Después del gran ajetreo de la Feria del Libro de Madrid, donde dicté dos conferencias, nos fuimos a descansar a Ravello, pequeño pueblo en la costa amalfitana de Italia, famoso por haber sido el lugar de tertulias, a partir de principios del siglo XX, del Grupo de Bloomsbury y donde se inspiraron Virginia Woolf, D. H. Lawrence, Graham Greene, Joan Miró y André Gide. Richard Wagner escribió allí una de sus óperas.

El éxito dominicano en la Feria del Libro de Madrid se debió, a nuestro entender, a que Olivo Rodríguez Huertas, nuestro embajador dominicano en España, optó por no solicitar dinero a nuestro gobierno sino solo al sector privado, lo que le permitió, con ciertas limitaciones, invitar a intelectuales independientes y hasta muy críticos de nuestro gobierno. Pudo, además, evitar la burocracia estatal. Autores de la diáspora como Junot Díaz y Julia Álvarez fueron invitados, pero por compromisos previos no pudieron asistir. Otros, como Rita Indiana, sí estuvieron. El éxito de toda feria de libros se mide, de forma objetiva, por la cantidad de libros vendidos y las obras de dominicanos se vendieron bien. La más solicitada, por mucho, fue un libro de literatura infantil de Amelia Vega, nuestra ex Miss Universo, lo que indica que el contenido de un texto no es lo que necesariamente garantiza su éxito.

Durante la feria se recibió desde Londres la buena noticia sobre el premio otorgado a Elizabeth Acevedo, de origen dominicano, quien escribió sobre una niña en el Bronx con una abuela que la obliga a ir a la iglesia a rezar a la Virgen de la Altagracia, evitar a los niños, el sexo y las drogas. Los autores del Caribe angloparlante y francés, al emigrar a Londres y París, siguen escribiendo en su lengua natal, pero los dominicanos y cubanos que emigran a Estados Unidos si escriben en español encuentran un mercado muy reducido, y si escriben en inglés serán considerados dominicanos o cubanos tan solo si tratan temas de su país de origen, como Díaz, Álvarez, Acevedo y Torres Saillant.

Pero volvamos a Ravello. En su plaza central, equivalente a nuestro Parque Colón, existe un bar, algo como nuestro “Palacio de la Esquizofrenia”, con el sugerente nombre de “San Domingo”. Pensé que se trataba de Santo Domingo de Guzmán, famoso por su triste papel de inquisidor y fundador de la Orden de los Dominicos, cuya tumba ya había visitado en Boloña.  Nuestra capital lleva su nombre.
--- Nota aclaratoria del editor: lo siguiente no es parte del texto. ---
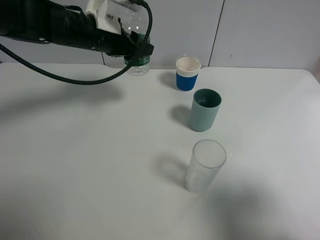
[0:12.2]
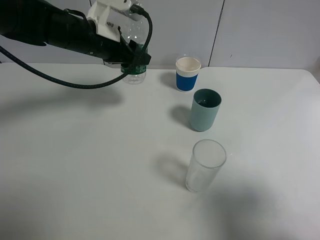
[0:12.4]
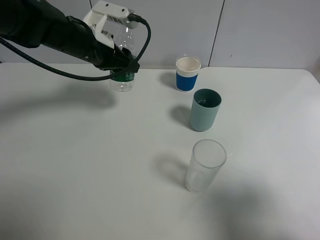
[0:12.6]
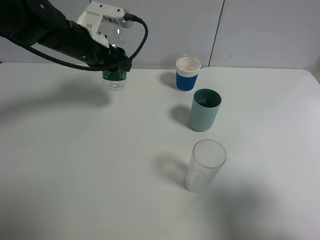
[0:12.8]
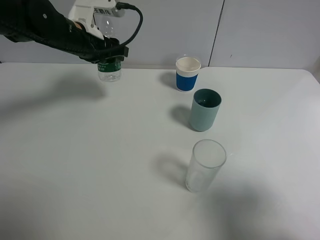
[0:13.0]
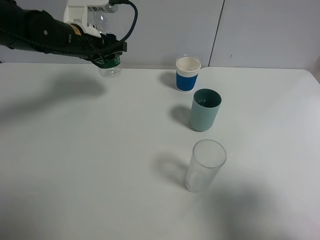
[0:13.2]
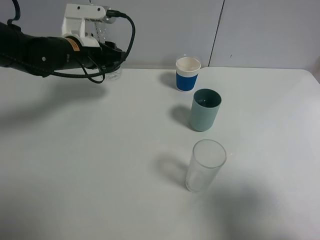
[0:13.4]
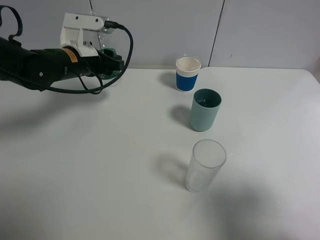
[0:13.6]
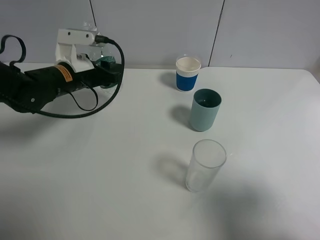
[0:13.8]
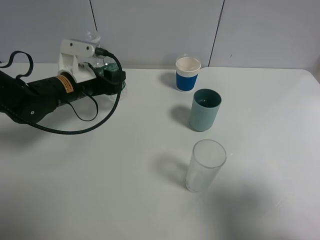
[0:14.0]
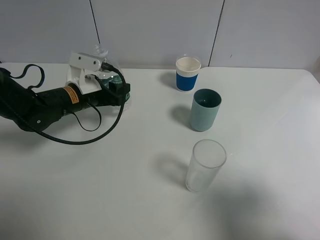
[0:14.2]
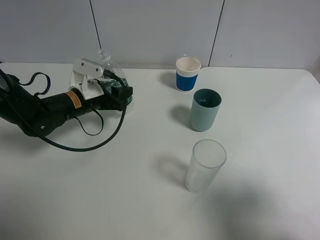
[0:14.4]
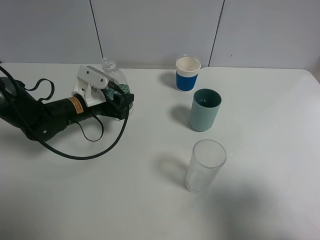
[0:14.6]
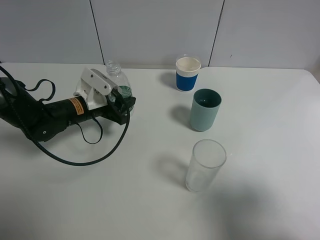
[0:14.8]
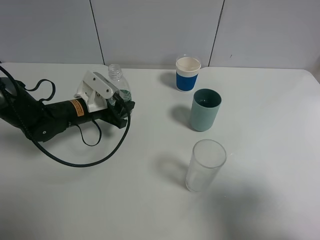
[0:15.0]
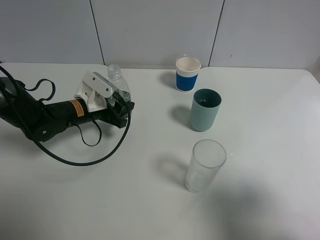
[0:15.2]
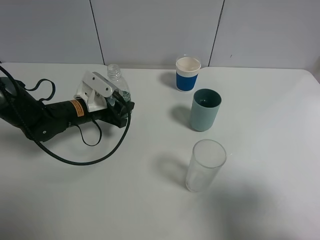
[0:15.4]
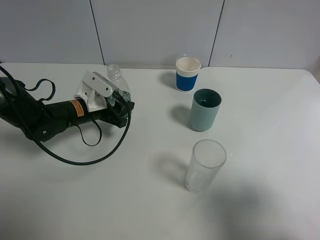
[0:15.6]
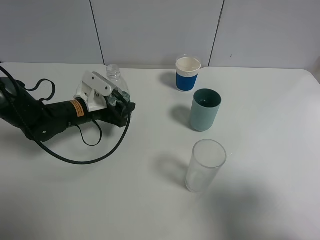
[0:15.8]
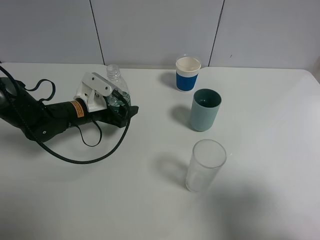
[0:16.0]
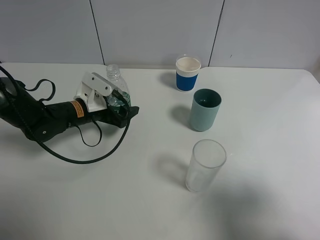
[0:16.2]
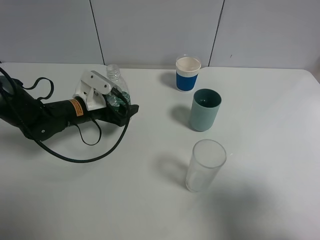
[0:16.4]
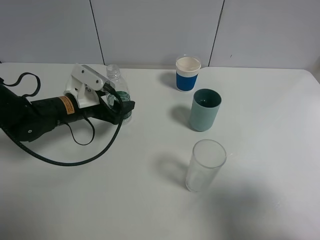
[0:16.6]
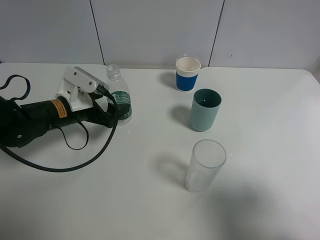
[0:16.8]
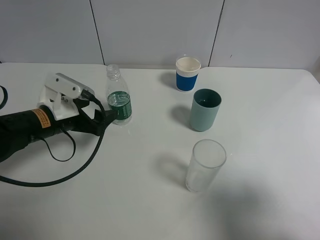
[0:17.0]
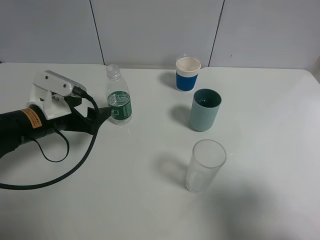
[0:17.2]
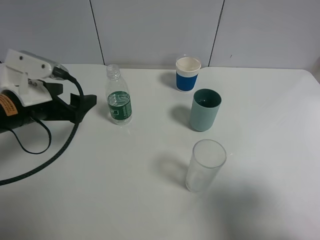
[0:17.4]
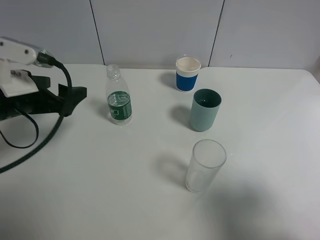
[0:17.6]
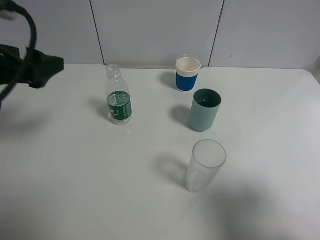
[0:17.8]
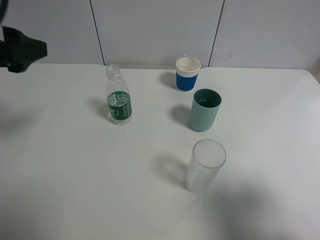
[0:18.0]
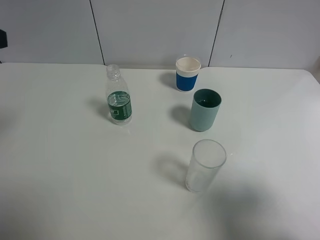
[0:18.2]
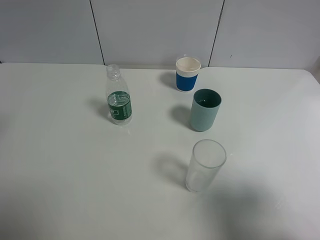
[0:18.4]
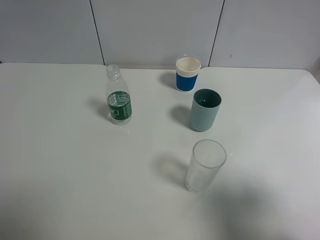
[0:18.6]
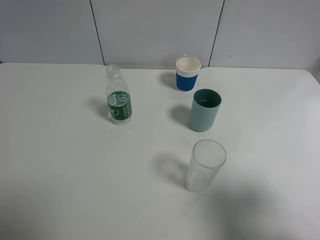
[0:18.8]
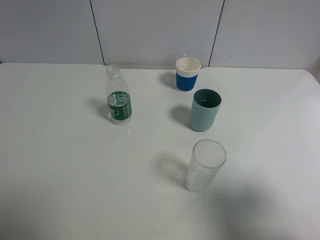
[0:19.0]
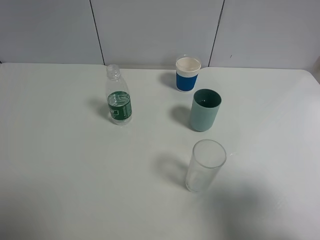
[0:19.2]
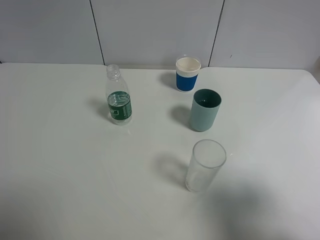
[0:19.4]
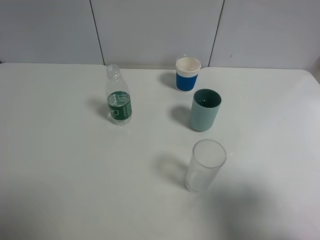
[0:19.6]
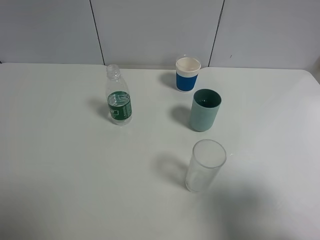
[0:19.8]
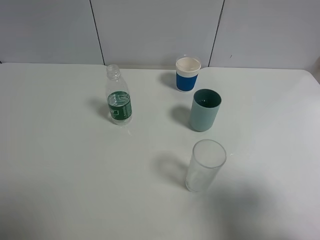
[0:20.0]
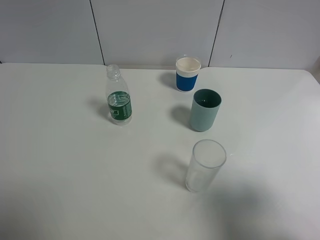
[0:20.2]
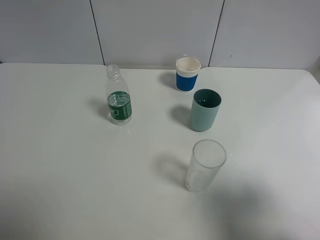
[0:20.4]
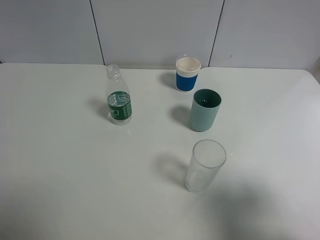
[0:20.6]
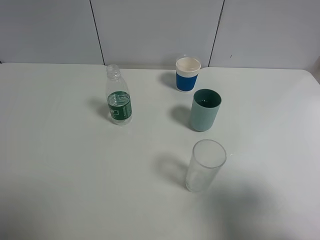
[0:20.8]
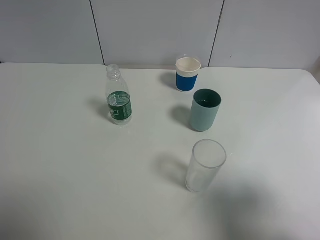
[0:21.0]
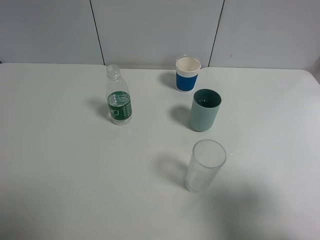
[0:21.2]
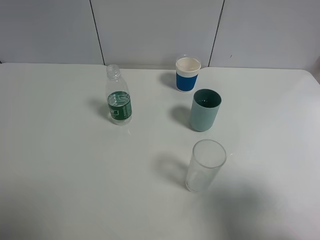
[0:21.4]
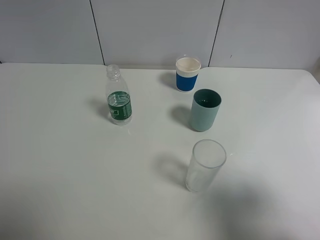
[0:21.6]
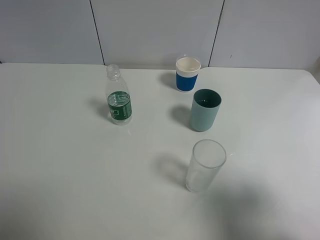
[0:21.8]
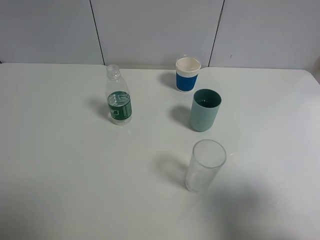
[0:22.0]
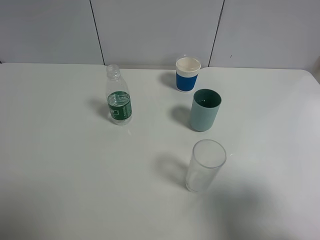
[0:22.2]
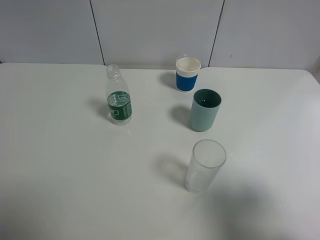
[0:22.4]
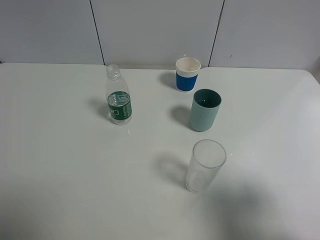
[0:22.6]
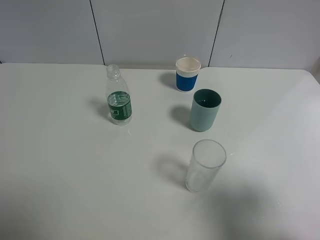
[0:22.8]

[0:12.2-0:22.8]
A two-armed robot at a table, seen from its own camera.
Task of the whole recording: use a gripper to hold the bottle of the drink and pour it into a random cup.
Step, 0:12.2 to 0:16.0: Place the mineral water bottle on the table with the left gripper.
0:12.2 to 0:13.8: The left gripper heads downward, covering some 5 cm.
0:13.8 to 0:15.2: The left gripper is displaced downward by about 10 cm.
0:15.2 to 0:16.8: The left gripper shifts by approximately 5 cm, and opens.
0:16.8 to 0:18.2: The left gripper heads upward and backward, covering roughly 25 cm.
0:21.2 to 0:22.8: Neither gripper changes place.

Me senté y ordené el típico expresso. Un texto en la pared indicaba que había sido fundado en 1929 y en otro se citaba una frase del escritor norteamericano Gore Vidal que dice: “Ravello está situado en el lugar más bello del Mediterráneo, un hecho que no es evidente de inmediato. Pero cuando hayas visto sus grandes edificios y retornas a su plaza, verás que es realidad y que el ‘San Domingo’ ofrece comodidad”. Pregunté al mozo sobre la razón tras el nombre y me indicó que el abuelo del actual dueño se había dedicado a importar café dominicano. Eso dio inicio a una larga conversación con el nieto y con una dominicana Juangomera. El dueño me preguntó por qué ya el café dominicano no era como el de antes y no tuve el valor de decirle que estábamos consumiendo café vietnamita. En cuanto a la racha de turistas muertos recientemente tampoco tuve el valor de hablarle sobre el posible consumo de ron “Triculí”, pues los inocentes españoles, gerentes de bebidas de los hoteles, no saben de eso.

Finalmente, en Nápoles, después de visitar sus dos famosos museos y  una catedral donde cada septiembre el pueblo va a observar si la sangre de San Genaro se licúa o no, y si no lo hace sobrevendrán calamidades, algo así como nuestras cabañuelas de enero, cansado de caminar y de consumir expressos, pasé frente a un hospital con el sorprendente nombre de “Hospedali digli Incurabilli”. Me extrañé que Garibaldi no hubiese cambiado ese nombre. Me senté en un barcito frente al hospital donde una empleada me preguntó qué quería tomar. Mi rápida respuesta fue: “Turista, octogenario, incurabilli”. Me dejó tranquilo.